(2021.11.18 Vatican News Robin Gomes)
18日の「性的搾取と虐待から子供たちを守る欧州の日」にイタリアのTelefono Azzurro (Blue Telephone) などが主催するインターネット会議が開かれ、バチカンの未成年者保護委員会のショーン・オマリー委員長(枢機卿)が、メッセージを送った。
オマリー枢機卿はメッセージでまず、世界保健機関(WHO)のデータを引用する形で、18歳の誕生日を迎える前の女性の5人に1人、男性の13人に1人が性的虐待を受けていること、被害者の少なくとも6割は虐待されたことを誰にも伝えれずにいること、など深刻な状況を説明。
今年の「欧州の日」のテーマは、「信頼の輪を子供たちにとって、本当に安全なものにする」。枢機卿は、「欧州評議会のイニシアチブが市民社会と政府を結びつけ、人的、財政的資源を振り向け、各機関の対応を適切に調整し、児童に対する性的搾取、虐待の問題への人々の意識を高める場を作った」と評価した。

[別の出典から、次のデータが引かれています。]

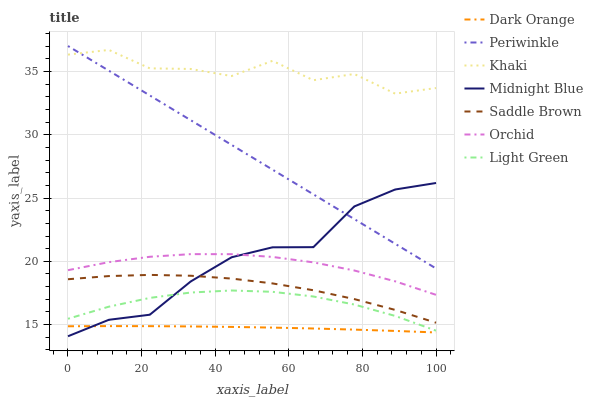Does Dark Orange have the minimum area under the curve?
Answer yes or no. Yes. Does Khaki have the maximum area under the curve?
Answer yes or no. Yes. Does Midnight Blue have the minimum area under the curve?
Answer yes or no. No. Does Midnight Blue have the maximum area under the curve?
Answer yes or no. No. Is Periwinkle the smoothest?
Answer yes or no. Yes. Is Khaki the roughest?
Answer yes or no. Yes. Is Midnight Blue the smoothest?
Answer yes or no. No. Is Midnight Blue the roughest?
Answer yes or no. No. Does Khaki have the lowest value?
Answer yes or no. No. Does Periwinkle have the highest value?
Answer yes or no. Yes. Does Khaki have the highest value?
Answer yes or no. No. Is Dark Orange less than Khaki?
Answer yes or no. Yes. Is Khaki greater than Light Green?
Answer yes or no. Yes. Does Orchid intersect Midnight Blue?
Answer yes or no. Yes. Is Orchid less than Midnight Blue?
Answer yes or no. No. Is Orchid greater than Midnight Blue?
Answer yes or no. No. Does Dark Orange intersect Khaki?
Answer yes or no. No.

一方で、「欧州の現実を見ると、フランスでは、カトリック教会の性的虐待に関する独立委員会(CIASE)から、1950年から2020年までのに21万6000人の未成年者が教会で性的虐待を受けた、との推計を明らかにされ、その他の地域でも、オーストラリアの王立調査委員会から、未成年性的虐待の40%がカトリック教会に関連して発生している」と指摘。
そのうえで、「これらのデータにショックを受け、こうした害悪に対処するために教会がとっている措置を評価し、定量的、定性的な分析をもとに、すべての有益な勧告を誤ったシステムを変革するために役立てる、という努力を曖昧にすることはできません」とし、また、「私たちが確認しないものを修復することはできない。問題の核心に対処しなければ、壊れた信頼を取り戻すことはできません。率直で、独立した調査、情報に基づく行動が必要です」と訴えた。
また枢機卿は、「性的虐待を予防し、子供たちを守る対策を立て、進めるために、多くの情報を得る方法を、市民社会と学問の世界から学ばなければなりません。そして、お互いに学び合うことで、私たちは真の『教会』となり、子供たちの保護を最優先する『社会』を作ることができるのです」と述べ、互いを信頼する関係と、組織横断的な支援体制の構築の必要を強く訴えた。
さらに、「教皇フランシスコとバチカンの未成年者保護のための委員会は、『未成年の性的虐待被害者が、意味のある効果的な政策と手順の実施のためのカギを握っている』と確信しています」とし、教皇が「聖職者による性的虐待とその隠蔽について」と題して、2018年に世界の信徒たちに宛てた手紙で「時が経つにつれて、私たちは多くの犠牲者の痛みを知るようになりました。彼らの負った傷は、決して消えることがありません」と語られていたことを挙げた。
そして、「性的搾取と虐待から子供たちを守る欧州の日」に合わせて、18日をイタリアの教会が、被害者たちのために同国の全教会が祈る日としたことを評価し、この日が、聖職者による性的虐待の被害者を公けに認知し、教皇が全世界の信徒たちに宛てた手紙で強く望まれたように、すべての信徒、神を信じていない人の間に、この問題への認識を深めるようにすることを願って、バチカンの未成年者保護のための委員会を通して、教皇が設けられたものであることを、改めて強調し、その教皇の願いが果たされるように祈った。